━━━ LISTED ENTRIES ━━━

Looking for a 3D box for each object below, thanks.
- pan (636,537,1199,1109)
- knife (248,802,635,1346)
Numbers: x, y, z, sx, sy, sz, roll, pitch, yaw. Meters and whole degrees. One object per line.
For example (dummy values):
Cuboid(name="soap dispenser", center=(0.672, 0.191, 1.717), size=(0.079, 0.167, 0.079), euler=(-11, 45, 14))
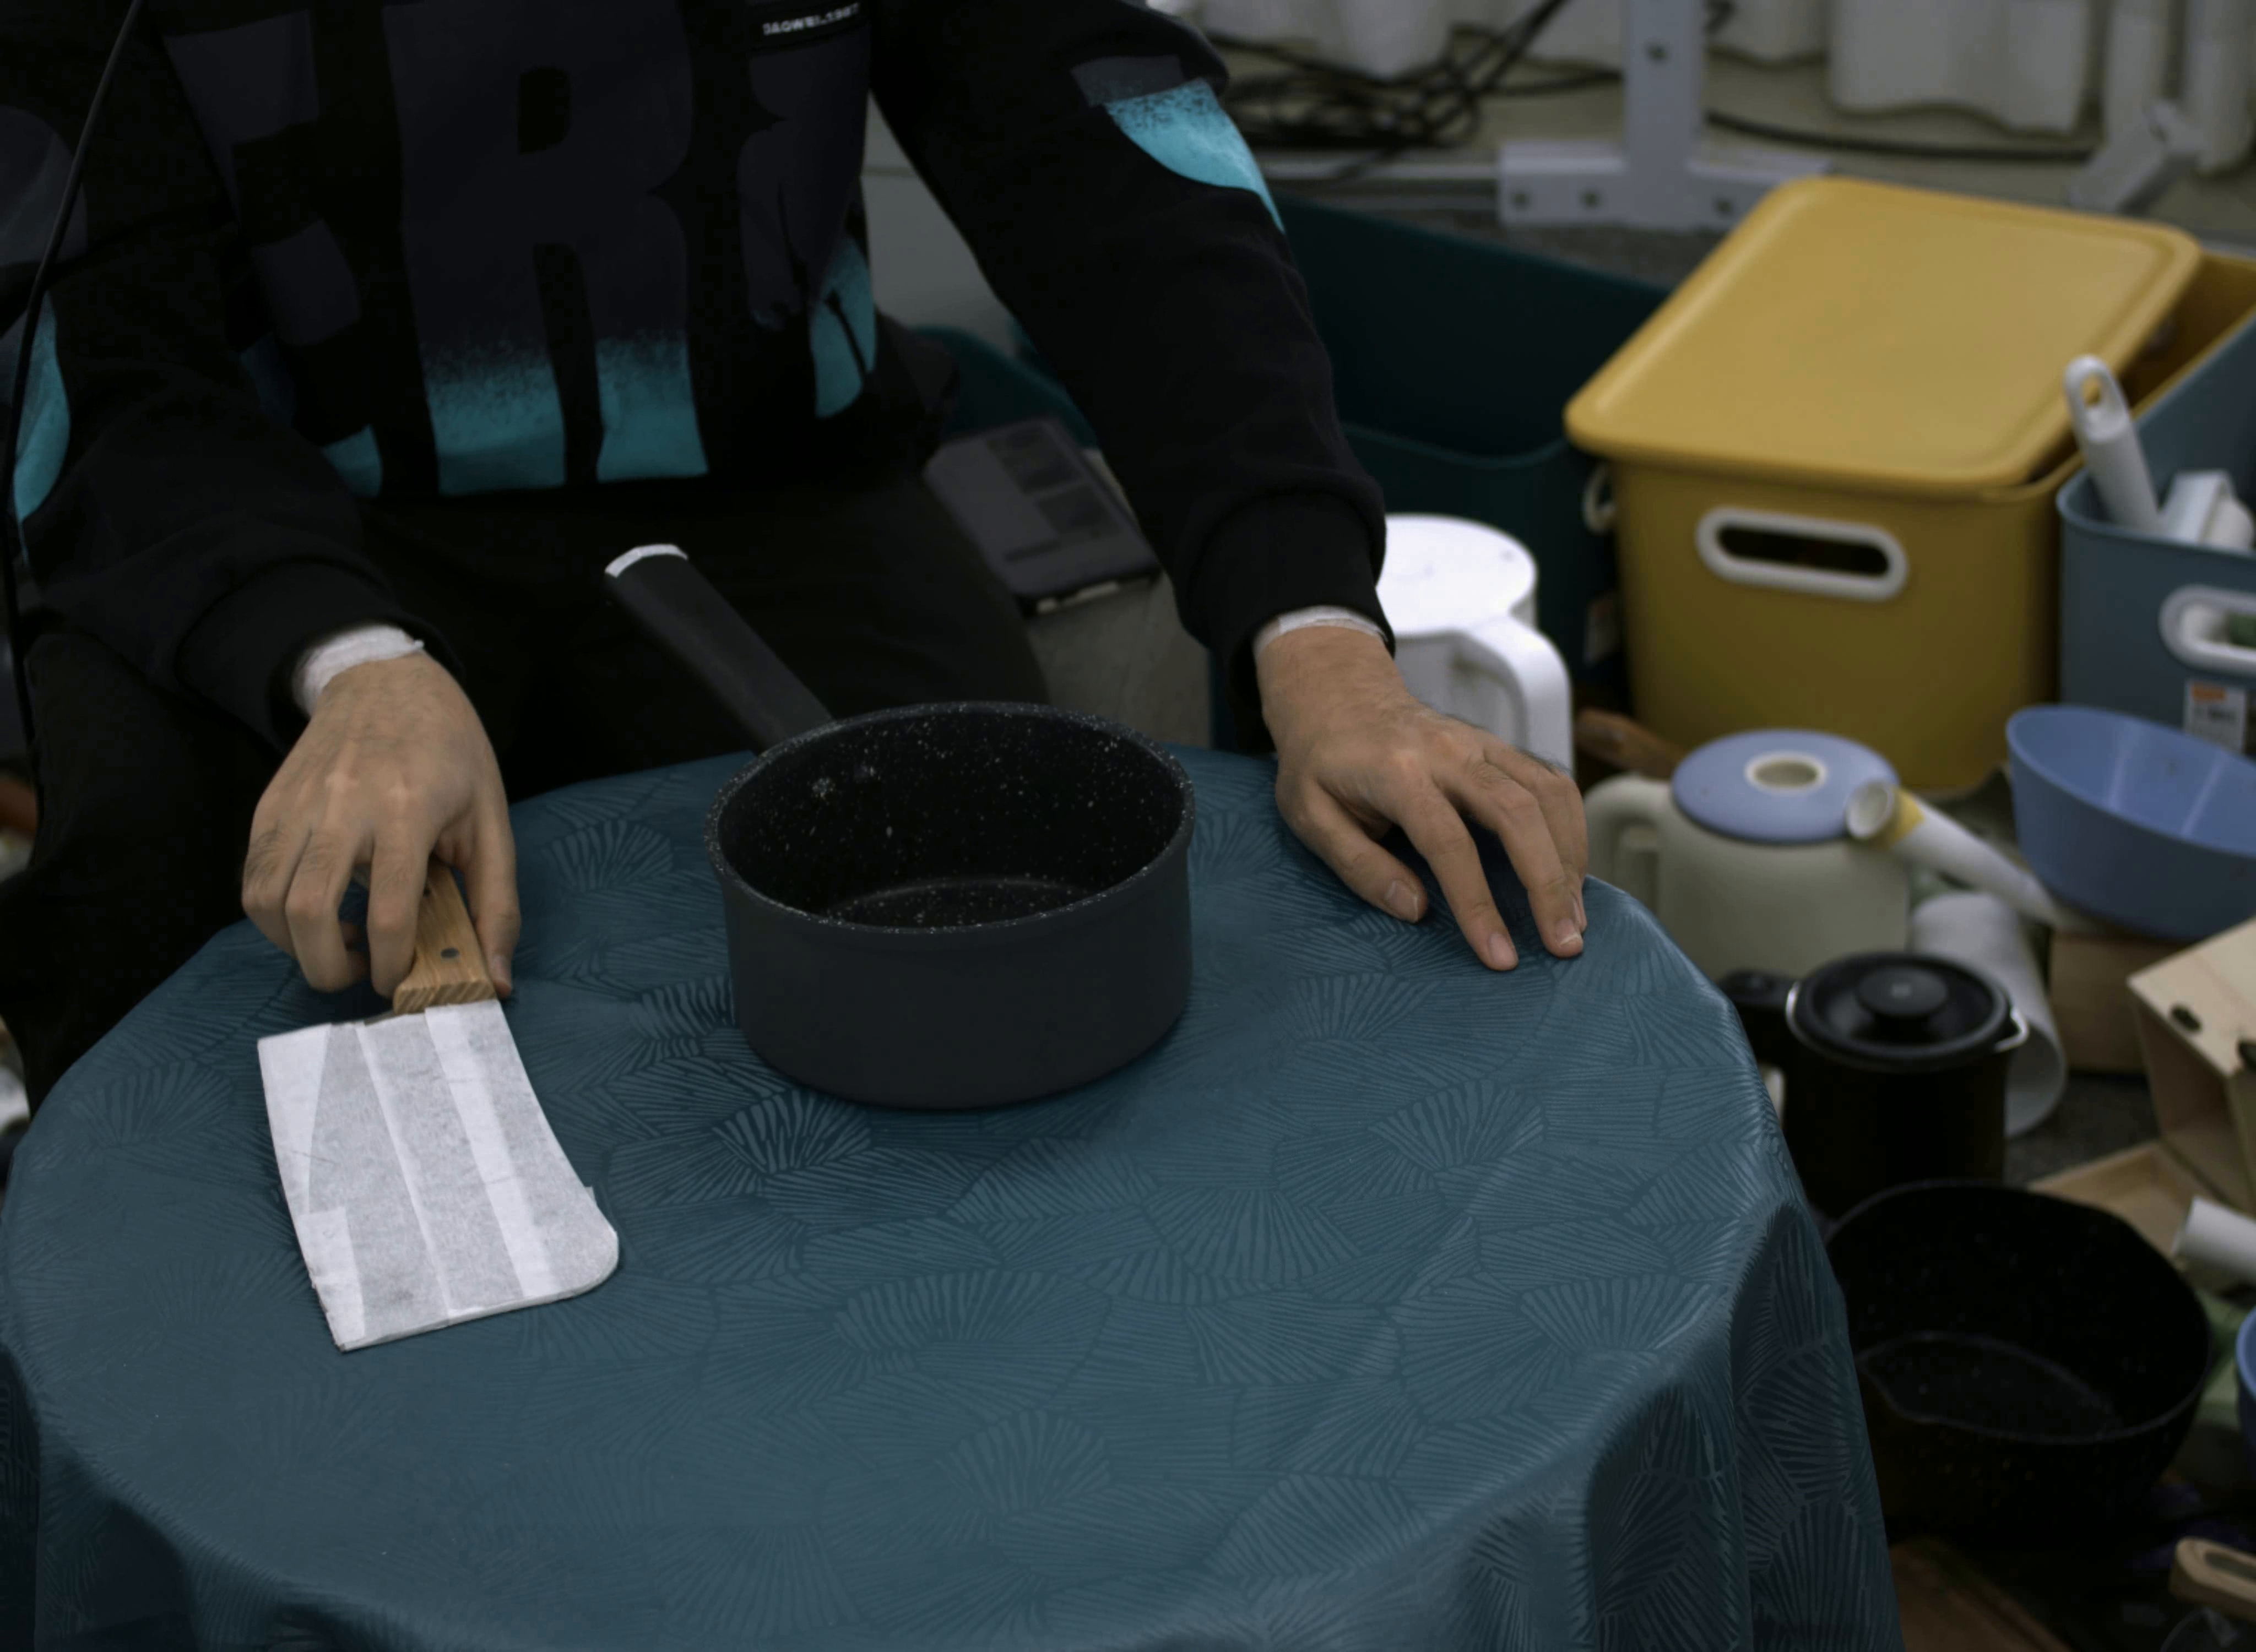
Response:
Cuboid(name="pan", center=(-0.097, -0.005, 2.026), size=(0.173, 0.085, 0.330), euler=(-14, 30, -25))
Cuboid(name="knife", center=(-0.244, 0.081, 1.935), size=(0.114, 0.021, 0.319), euler=(-8, 32, -10))

━━━

**EXERCISE BRIEF**. Down to the last line, return the entries above exactly, with no pictures.

**EXERCISE RESULT**.
Looking for a 3D box for each object below, thanks.
- pan (636,537,1199,1109)
- knife (248,802,635,1346)
Numbers: x, y, z, sx, sy, sz, roll, pitch, yaw. Meters and whole degrees. One object per line.
For example (dummy values):
Cuboid(name="soap dispenser", center=(0.672, 0.191, 1.717), size=(0.079, 0.167, 0.079), euler=(-11, 45, 14))
Response:
Cuboid(name="pan", center=(-0.097, -0.005, 2.026), size=(0.173, 0.085, 0.330), euler=(-14, 30, -25))
Cuboid(name="knife", center=(-0.244, 0.081, 1.935), size=(0.114, 0.021, 0.319), euler=(-8, 32, -10))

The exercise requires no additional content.